Kampmann Martin, Horlbeck Max A, Chen Yuwen, Tsai Jordan C, Bassik Michael C, Gilbert Luke A, Villalta Jacqueline E, Kwon S Chul, Chang Hyeshik, Kim V Narry, Weissman Jonathan S
Department of Cellular and Molecular Pharmacology, California Institute for Quantitative Biomedical Research, University of California, San Francisco, CA 94158; Howard Hughes Medical Institute, University of California, San Francisco, CA 94158;
Center for RNA Research, Institute for Basic Science, Seoul 151-742, South Korea; School of Biological Sciences, Seoul National University, Seoul 151-742, South Korea.
Proc Natl Acad Sci U S A. 2015 Jun 30;112(26):E3384-91. doi: 10.1073/pnas.1508821112. Epub 2015 Jun 15.
Genetic screening based on loss-of-function phenotypes is a powerful discovery tool in biology. Although the recent development of clustered regularly interspaced short palindromic repeats (CRISPR)-based screening approaches in mammalian cell culture has enormous potential, RNA interference (RNAi)-based screening remains the method of choice in several biological contexts. We previously demonstrated that ultracomplex pooled short-hairpin RNA (shRNA) libraries can largely overcome the problem of RNAi off-target effects in genome-wide screens. Here, we systematically optimize several aspects of our shRNA library, including the promoter and microRNA context for shRNA expression, selection of guide strands, and features relevant for postscreen sample preparation for deep sequencing. We present next-generation high-complexity libraries targeting human and mouse protein-coding genes, which we grouped into 12 sublibraries based on biological function. A pilot screen suggests that our next-generation RNAi library performs comparably to current CRISPR interference (CRISPRi)-based approaches and can yield complementary results with high sensitivity and high specificity.

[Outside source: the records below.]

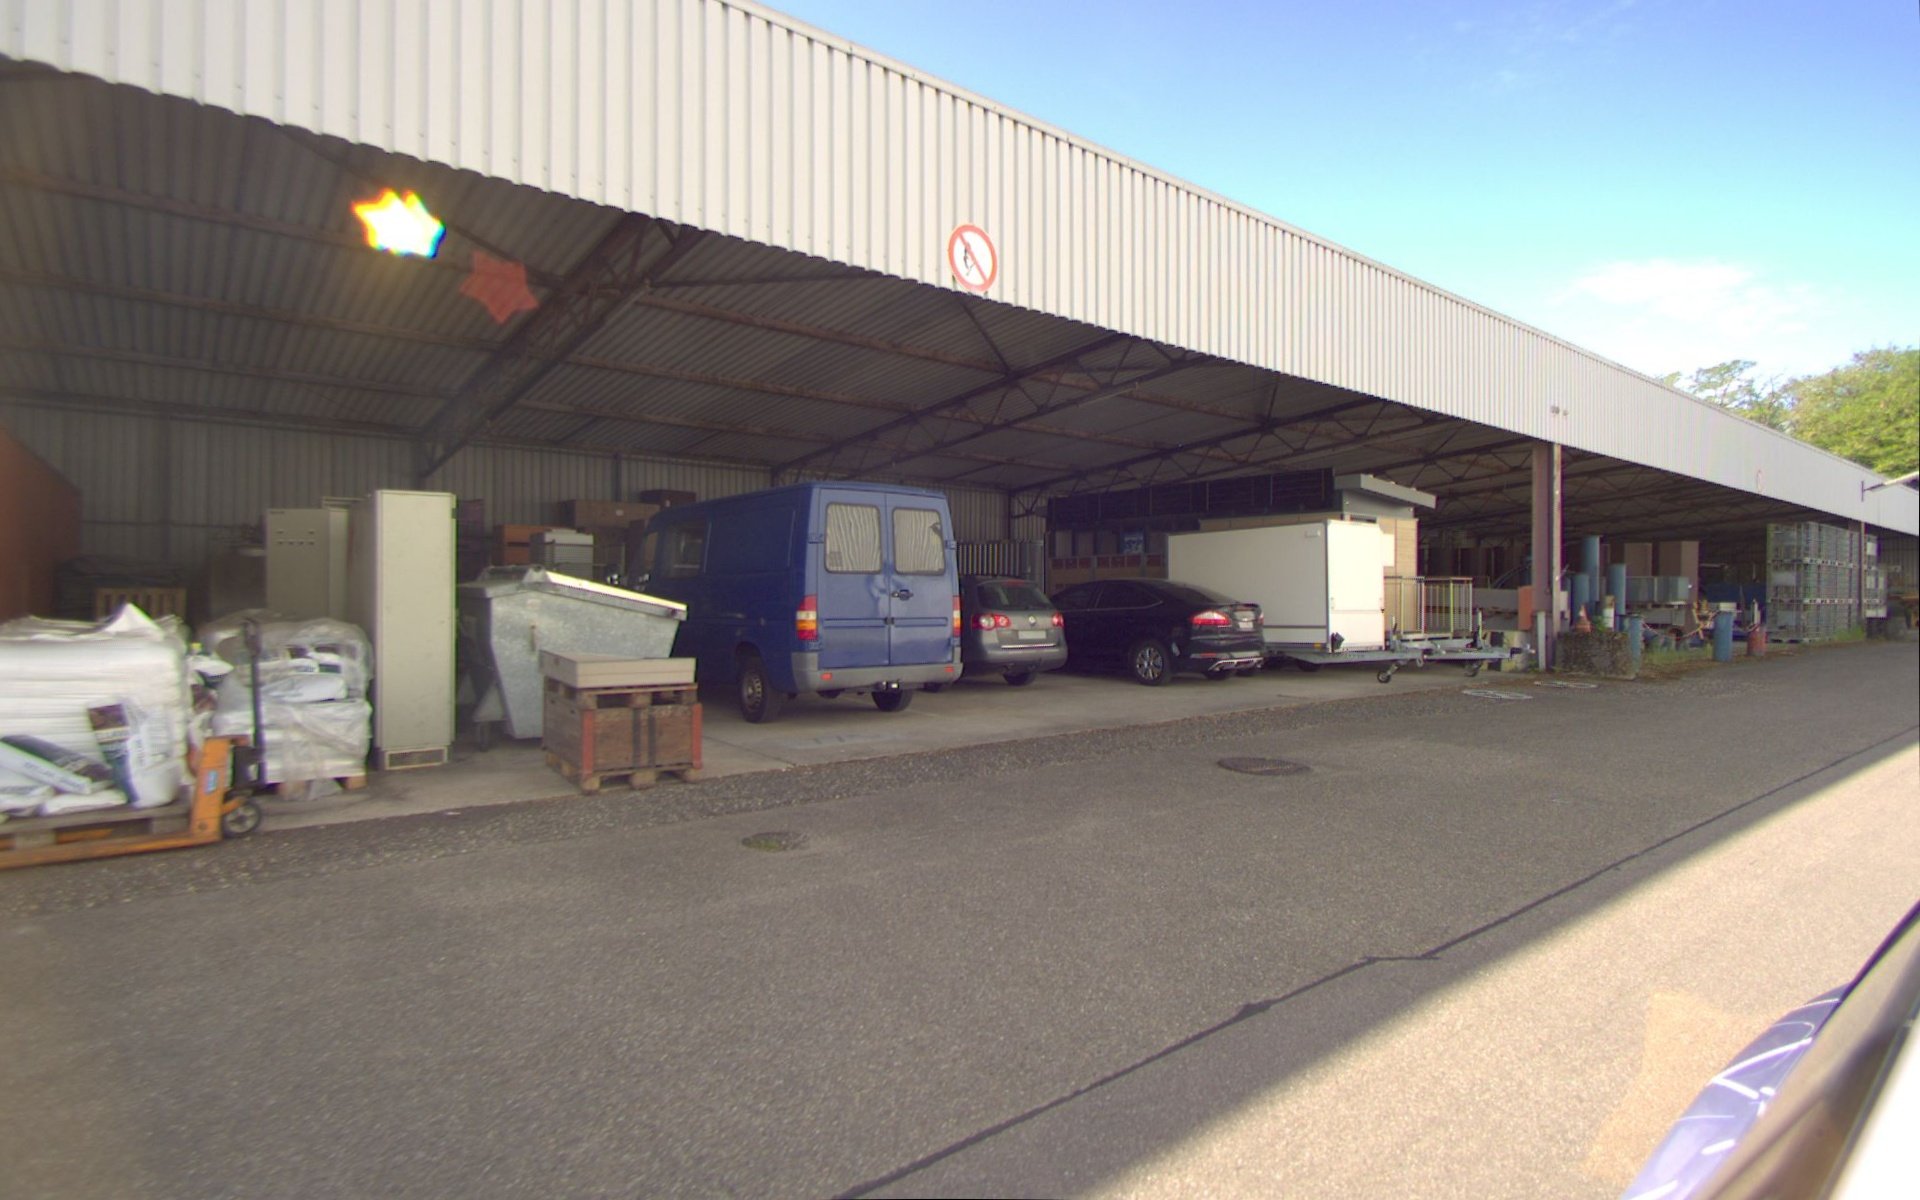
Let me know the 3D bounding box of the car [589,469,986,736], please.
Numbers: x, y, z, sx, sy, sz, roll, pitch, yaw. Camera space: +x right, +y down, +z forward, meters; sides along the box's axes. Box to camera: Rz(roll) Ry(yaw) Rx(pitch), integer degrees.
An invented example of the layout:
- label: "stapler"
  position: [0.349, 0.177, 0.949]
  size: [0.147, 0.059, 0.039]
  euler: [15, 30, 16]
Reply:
- label: "car"
  position: [-2.235, -0.022, 11.491]
  size: [2.114, 2.309, 5.344]
  euler: [-1, 1, -39]

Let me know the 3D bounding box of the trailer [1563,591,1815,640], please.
- label: "trailer"
  position: [21.339, 0.387, 29.895]
  size: [1.939, 1.200, 5.741]
  euler: [-1, 2, -39]

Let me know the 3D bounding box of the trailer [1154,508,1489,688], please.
- label: "trailer"
  position: [5.419, -0.099, 15.723]
  size: [2.010, 2.371, 4.529]
  euler: [-1, 2, -37]

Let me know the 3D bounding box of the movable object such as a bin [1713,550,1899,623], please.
- label: "movable object such as a bin"
  position: [36.964, -0.590, 44.381]
  size: [2.769, 2.962, 5.849]
  euler: [0, 1, -38]

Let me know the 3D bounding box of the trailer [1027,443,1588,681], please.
- label: "trailer"
  position: [5.731, -0.676, 19.305]
  size: [2.750, 3.384, 10.296]
  euler: [0, 1, -38]

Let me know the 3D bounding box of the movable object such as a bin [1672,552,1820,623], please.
- label: "movable object such as a bin"
  position: [33.641, -0.548, 43.406]
  size: [2.451, 2.866, 4.538]
  euler: [0, 0, -38]

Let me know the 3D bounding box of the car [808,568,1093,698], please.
- label: "car"
  position: [-0.260, 0.353, 13.990]
  size: [1.808, 1.533, 3.970]
  euler: [-1, 1, -41]

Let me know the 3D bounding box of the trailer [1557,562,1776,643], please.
- label: "trailer"
  position: [19.059, -0.015, 27.492]
  size: [2.123, 2.015, 4.436]
  euler: [-1, 2, -37]

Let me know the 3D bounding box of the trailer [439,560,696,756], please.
- label: "trailer"
  position: [-3.528, 0.409, 8.979]
  size: [1.705, 1.484, 2.045]
  euler: [0, 1, -35]

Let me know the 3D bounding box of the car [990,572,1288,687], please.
- label: "car"
  position: [2.560, 0.358, 15.302]
  size: [1.837, 1.490, 4.255]
  euler: [0, 0, -41]

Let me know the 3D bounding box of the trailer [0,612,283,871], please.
- label: "trailer"
  position: [-4.292, 0.653, 5.001]
  size: [1.520, 1.132, 0.553]
  euler: [-1, 2, -41]

基于功能丧失表型的基因筛选是生物学中一种强大的发现工具。尽管近年来基于成簇规律间隔短回文重复序列(CRISPR)的筛选方法在哺乳动物细胞培养中的发展具有巨大潜力,但在多种生物学背景下,基于RNA干扰(RNAi)的筛选仍然是首选方法。我们之前证明,超复杂混合短发夹RNA(shRNA)文库在很大程度上可以克服全基因组筛选中RNAi脱靶效应的问题。在此,我们系统地优化了shRNA文库的几个方面,包括shRNA表达的启动子和微小RNA背景、引导链的选择以及与深度测序的筛选后样本制备相关的特征。我们展示了针对人类和小鼠蛋白质编码基因的下一代高复杂性文库,我们根据生物学功能将其分为12个子文库。一项预筛选表明,我们的下一代RNAi文库与当前基于CRISPR干扰(CRISPRi)的方法表现相当,并且能够以高灵敏度和高特异性产生互补结果。